╭──

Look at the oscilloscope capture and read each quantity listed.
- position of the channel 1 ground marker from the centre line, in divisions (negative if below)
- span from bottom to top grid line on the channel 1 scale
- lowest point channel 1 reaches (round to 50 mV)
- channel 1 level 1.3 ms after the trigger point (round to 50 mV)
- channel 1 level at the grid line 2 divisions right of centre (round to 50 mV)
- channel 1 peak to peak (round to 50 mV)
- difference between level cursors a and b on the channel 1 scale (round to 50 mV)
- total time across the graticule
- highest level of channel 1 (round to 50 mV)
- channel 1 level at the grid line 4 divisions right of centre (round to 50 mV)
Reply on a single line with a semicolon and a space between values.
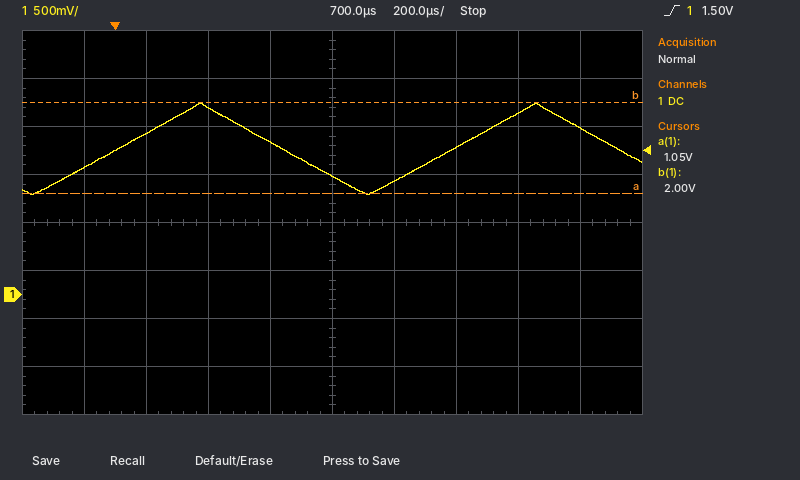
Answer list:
-1.5 div; 4 V; 1.05 V; 1.90 V; 1.55 V; 950 mV; 950 mV; 2 ms; 2.00 V; 1.75 V
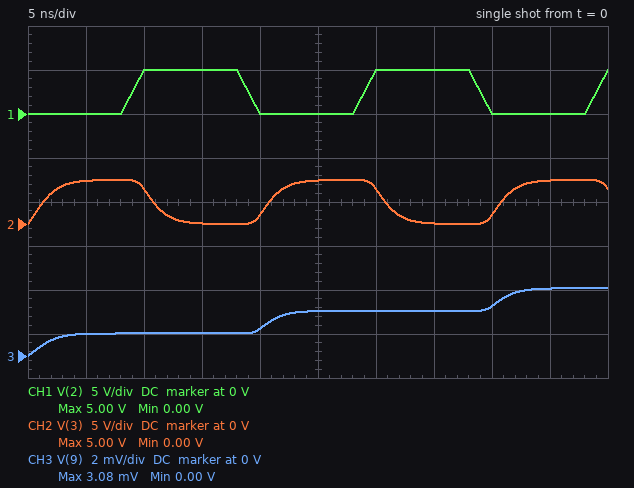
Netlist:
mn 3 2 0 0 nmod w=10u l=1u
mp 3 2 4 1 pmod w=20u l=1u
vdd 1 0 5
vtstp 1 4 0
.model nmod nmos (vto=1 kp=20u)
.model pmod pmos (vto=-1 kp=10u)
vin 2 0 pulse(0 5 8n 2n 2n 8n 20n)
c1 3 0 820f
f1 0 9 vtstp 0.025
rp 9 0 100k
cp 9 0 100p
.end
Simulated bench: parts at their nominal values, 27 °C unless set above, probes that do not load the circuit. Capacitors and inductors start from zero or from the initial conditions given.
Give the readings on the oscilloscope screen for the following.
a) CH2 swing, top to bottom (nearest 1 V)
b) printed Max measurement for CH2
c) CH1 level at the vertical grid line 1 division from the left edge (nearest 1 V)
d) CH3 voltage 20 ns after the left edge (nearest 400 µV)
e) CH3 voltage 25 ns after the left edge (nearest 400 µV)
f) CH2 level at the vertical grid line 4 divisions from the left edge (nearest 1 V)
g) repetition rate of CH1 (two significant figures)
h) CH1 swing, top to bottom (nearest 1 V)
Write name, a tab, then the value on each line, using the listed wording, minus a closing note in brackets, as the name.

CH2 swing, top to bottom	5 V
printed Max measurement for CH2	5.00 V
CH1 level at the vertical grid line 1 division from the left edge	0 V
CH3 voltage 20 ns after the left edge	1.2 mV
CH3 voltage 25 ns after the left edge	2.0 mV
CH2 level at the vertical grid line 4 divisions from the left edge	1 V
repetition rate of CH1	50 MHz
CH1 swing, top to bottom	5 V
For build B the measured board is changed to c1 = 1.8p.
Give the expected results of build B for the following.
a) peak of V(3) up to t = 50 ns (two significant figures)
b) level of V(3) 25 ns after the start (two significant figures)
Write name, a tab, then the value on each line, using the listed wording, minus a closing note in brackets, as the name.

peak of V(3) up to t = 50 ns	4.8 V
level of V(3) 25 ns after the start	4.1 V
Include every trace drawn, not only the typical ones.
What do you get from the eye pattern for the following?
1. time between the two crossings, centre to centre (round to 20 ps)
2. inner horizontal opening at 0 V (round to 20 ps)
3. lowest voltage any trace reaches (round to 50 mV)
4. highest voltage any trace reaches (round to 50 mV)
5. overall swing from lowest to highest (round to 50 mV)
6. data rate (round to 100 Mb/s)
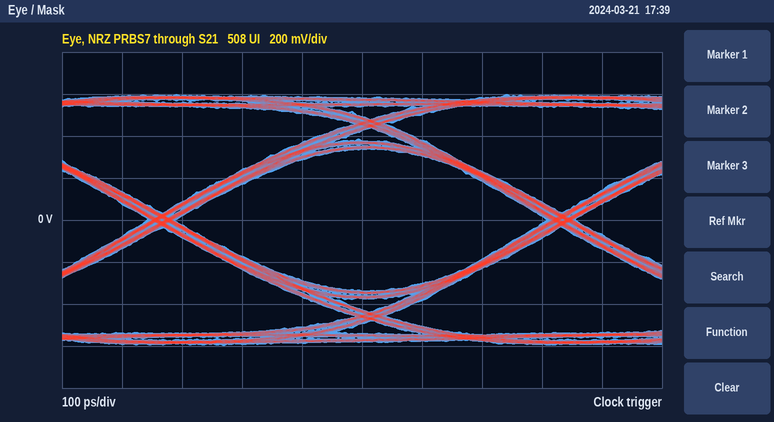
660 ps
620 ps
-600 mV
600 mV
1.20 V
1.5 Gb/s
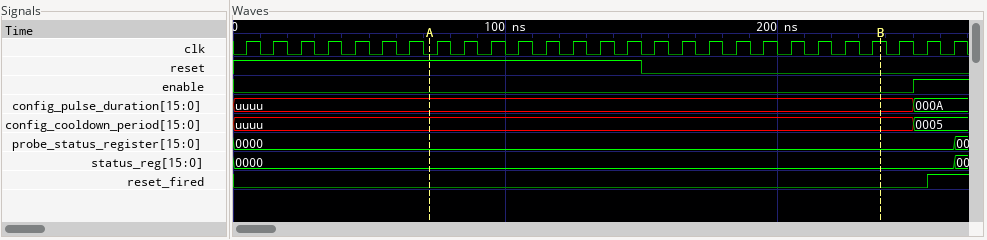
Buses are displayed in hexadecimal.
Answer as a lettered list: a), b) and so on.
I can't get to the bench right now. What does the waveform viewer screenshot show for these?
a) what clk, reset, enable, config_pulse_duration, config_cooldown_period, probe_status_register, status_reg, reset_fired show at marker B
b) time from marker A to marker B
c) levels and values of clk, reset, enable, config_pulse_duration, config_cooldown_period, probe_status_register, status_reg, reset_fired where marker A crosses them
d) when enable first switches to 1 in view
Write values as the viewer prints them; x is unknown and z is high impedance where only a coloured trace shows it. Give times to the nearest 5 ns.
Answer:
a) clk=1, reset=0, enable=0, config_pulse_duration=uuuu, config_cooldown_period=uuuu, probe_status_register=0000, status_reg=0000, reset_fired=0
b) 165 ns
c) clk=0, reset=1, enable=0, config_pulse_duration=uuuu, config_cooldown_period=uuuu, probe_status_register=0000, status_reg=0000, reset_fired=0
d) 250 ns
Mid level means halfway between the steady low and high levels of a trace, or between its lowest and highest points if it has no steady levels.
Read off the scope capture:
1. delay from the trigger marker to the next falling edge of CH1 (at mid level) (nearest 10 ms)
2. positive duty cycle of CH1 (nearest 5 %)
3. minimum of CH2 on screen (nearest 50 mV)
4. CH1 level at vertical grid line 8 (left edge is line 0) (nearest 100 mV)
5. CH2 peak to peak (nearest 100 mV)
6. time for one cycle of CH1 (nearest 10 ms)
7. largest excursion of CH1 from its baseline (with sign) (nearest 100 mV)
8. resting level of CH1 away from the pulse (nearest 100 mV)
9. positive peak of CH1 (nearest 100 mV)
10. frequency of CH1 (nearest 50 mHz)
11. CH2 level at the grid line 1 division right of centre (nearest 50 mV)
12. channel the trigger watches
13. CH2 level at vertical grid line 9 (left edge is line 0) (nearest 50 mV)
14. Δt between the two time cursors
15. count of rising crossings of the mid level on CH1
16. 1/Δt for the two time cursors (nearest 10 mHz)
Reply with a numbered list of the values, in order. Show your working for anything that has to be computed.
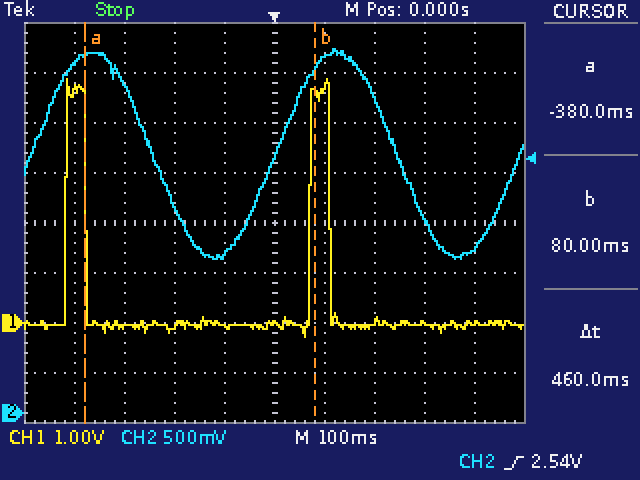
1. 110 ms
2. 10 %
3. 1.55 V
4. 0.0 V
5. 2.10 V
6. 490 ms
7. 4.9 V − (0.0 V) = +4.9 V
8. 0.0 V
9. 4.9 V
10. 1 / 490 ms ≈ 2.04 Hz, so 2.05 Hz to the nearest 50 mHz
11. 3.55 V
12. CH2
13. 1.65 V
14. 460 ms
15. 2
16. 1 / 460 ms ≈ 2.17 Hz
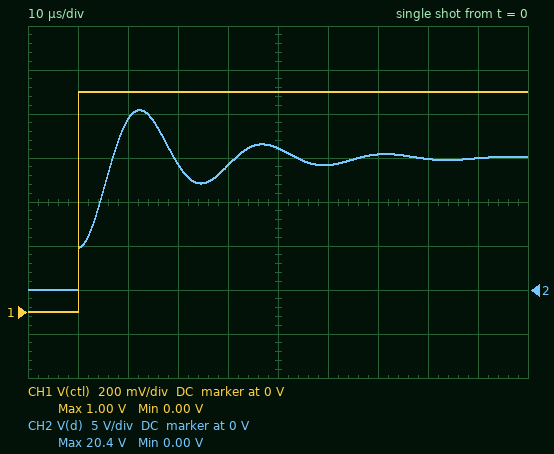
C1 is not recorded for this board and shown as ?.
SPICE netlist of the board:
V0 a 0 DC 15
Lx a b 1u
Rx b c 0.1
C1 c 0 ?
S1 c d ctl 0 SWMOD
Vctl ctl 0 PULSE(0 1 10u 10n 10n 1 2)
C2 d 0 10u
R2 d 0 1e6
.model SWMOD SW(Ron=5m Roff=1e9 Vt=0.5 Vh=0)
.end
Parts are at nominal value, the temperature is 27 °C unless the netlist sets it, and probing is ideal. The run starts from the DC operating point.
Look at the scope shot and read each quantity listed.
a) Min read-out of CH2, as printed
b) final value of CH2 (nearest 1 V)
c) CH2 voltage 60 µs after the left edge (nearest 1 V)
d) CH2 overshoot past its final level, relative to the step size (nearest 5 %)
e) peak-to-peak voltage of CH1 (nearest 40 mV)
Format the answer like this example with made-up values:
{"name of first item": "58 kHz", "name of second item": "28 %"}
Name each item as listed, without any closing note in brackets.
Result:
{"Min read-out of CH2, as printed": "0.00 V", "final value of CH2": "15 V", "CH2 voltage 60 µs after the left edge": "14 V", "CH2 overshoot past its final level, relative to the step size": "35 %", "peak-to-peak voltage of CH1": "1.00 V"}
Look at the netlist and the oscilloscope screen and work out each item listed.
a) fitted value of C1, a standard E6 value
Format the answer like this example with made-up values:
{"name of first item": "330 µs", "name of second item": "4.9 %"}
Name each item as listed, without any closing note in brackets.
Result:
{"fitted value of C1, a standard E6 value": "4.7 µF"}
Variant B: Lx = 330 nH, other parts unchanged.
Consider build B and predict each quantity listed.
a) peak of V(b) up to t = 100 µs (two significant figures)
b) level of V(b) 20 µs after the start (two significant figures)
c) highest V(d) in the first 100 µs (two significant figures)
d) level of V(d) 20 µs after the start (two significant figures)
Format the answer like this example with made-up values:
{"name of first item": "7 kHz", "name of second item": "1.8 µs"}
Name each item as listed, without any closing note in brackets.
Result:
{"peak of V(b) up to t = 100 µs": "19 V", "level of V(b) 20 µs after the start": "15 V", "highest V(d) in the first 100 µs": "18 V", "level of V(d) 20 µs after the start": "17 V"}
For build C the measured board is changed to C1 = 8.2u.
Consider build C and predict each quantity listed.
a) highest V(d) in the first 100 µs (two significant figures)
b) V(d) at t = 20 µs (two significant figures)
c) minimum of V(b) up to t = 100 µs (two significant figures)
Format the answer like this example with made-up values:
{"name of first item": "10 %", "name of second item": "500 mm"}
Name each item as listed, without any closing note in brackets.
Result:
{"highest V(d) in the first 100 µs": "19 V", "V(d) at t = 20 µs": "17 V", "minimum of V(b) up to t = 100 µs": "6.9 V"}
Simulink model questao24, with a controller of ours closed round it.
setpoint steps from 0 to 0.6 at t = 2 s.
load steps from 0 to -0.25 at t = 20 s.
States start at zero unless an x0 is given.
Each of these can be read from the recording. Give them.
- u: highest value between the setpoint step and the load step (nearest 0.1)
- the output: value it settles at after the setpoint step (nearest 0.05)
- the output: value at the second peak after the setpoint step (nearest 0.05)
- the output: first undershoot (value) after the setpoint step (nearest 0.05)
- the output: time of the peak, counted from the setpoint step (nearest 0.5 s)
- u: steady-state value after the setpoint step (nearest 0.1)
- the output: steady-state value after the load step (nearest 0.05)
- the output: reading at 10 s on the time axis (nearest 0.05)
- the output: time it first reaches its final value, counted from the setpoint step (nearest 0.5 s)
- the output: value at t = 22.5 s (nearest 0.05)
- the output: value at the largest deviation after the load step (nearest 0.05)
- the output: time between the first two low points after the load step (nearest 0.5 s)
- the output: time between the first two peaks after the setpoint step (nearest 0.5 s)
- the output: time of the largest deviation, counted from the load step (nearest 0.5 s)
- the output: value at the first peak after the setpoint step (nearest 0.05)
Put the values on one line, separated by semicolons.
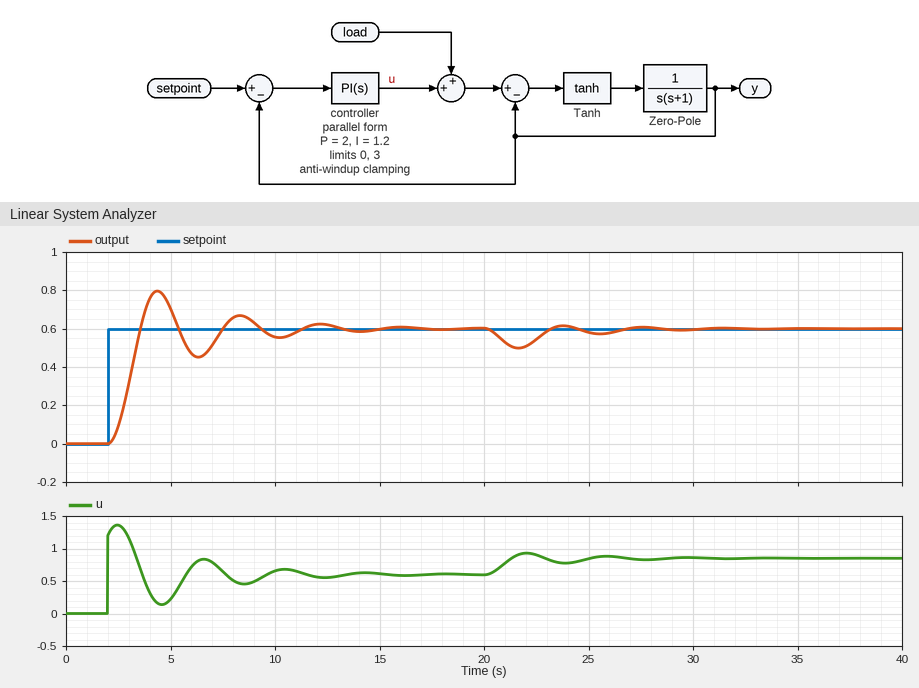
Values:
1.4; 0.60; 0.65; 0.45; 2.5 s; 0.6; 0.60; 0.55; 1.5 s; 0.55; 0.50; 4.0 s; 4.0 s; 1.5 s; 0.80
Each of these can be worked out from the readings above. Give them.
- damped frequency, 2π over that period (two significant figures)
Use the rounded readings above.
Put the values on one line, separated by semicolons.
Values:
1.6 rad/s
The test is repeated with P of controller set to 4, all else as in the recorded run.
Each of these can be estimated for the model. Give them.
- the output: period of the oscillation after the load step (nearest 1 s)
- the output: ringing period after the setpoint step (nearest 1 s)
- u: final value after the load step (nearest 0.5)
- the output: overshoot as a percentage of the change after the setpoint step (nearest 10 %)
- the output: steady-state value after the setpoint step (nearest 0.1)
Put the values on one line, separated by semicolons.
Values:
3 s; 3 s; 1.0; 30 %; 0.6
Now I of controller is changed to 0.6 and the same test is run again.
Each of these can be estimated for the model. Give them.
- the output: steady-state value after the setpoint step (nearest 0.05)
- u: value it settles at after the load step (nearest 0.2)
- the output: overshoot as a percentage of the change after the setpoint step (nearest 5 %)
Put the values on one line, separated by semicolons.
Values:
0.60; 0.8; 10 %
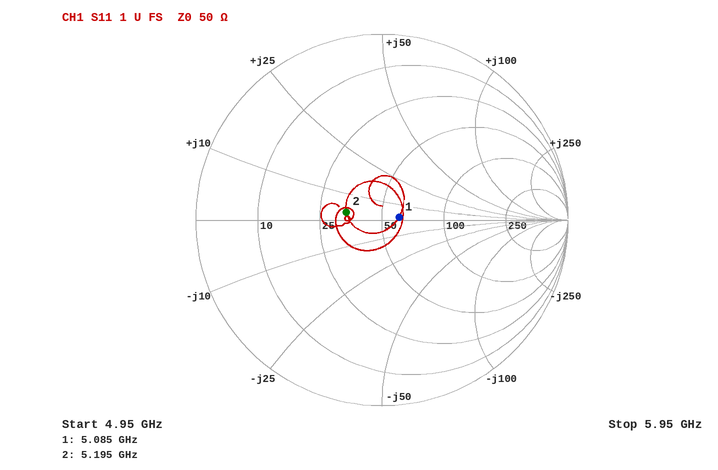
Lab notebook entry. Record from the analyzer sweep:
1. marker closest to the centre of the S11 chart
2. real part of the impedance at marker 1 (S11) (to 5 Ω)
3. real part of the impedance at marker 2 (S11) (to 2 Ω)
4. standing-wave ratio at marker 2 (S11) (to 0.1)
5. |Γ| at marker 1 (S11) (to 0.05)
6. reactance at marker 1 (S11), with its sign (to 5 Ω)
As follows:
marker 1
60 Ω
34 Ω
1.5
0.10
0 Ω

╰──

* _WORK TASK_: Write out every line from the entries where "given" appears.

* _WRITTEN SOLUTION_:
Simulated bench: parts at their nominal values, 27 °C unless set above, probes that do not load the circuit. Capacitors and inductors start from zero or from the initial conditions given.
States start at zero unless an x0 is given.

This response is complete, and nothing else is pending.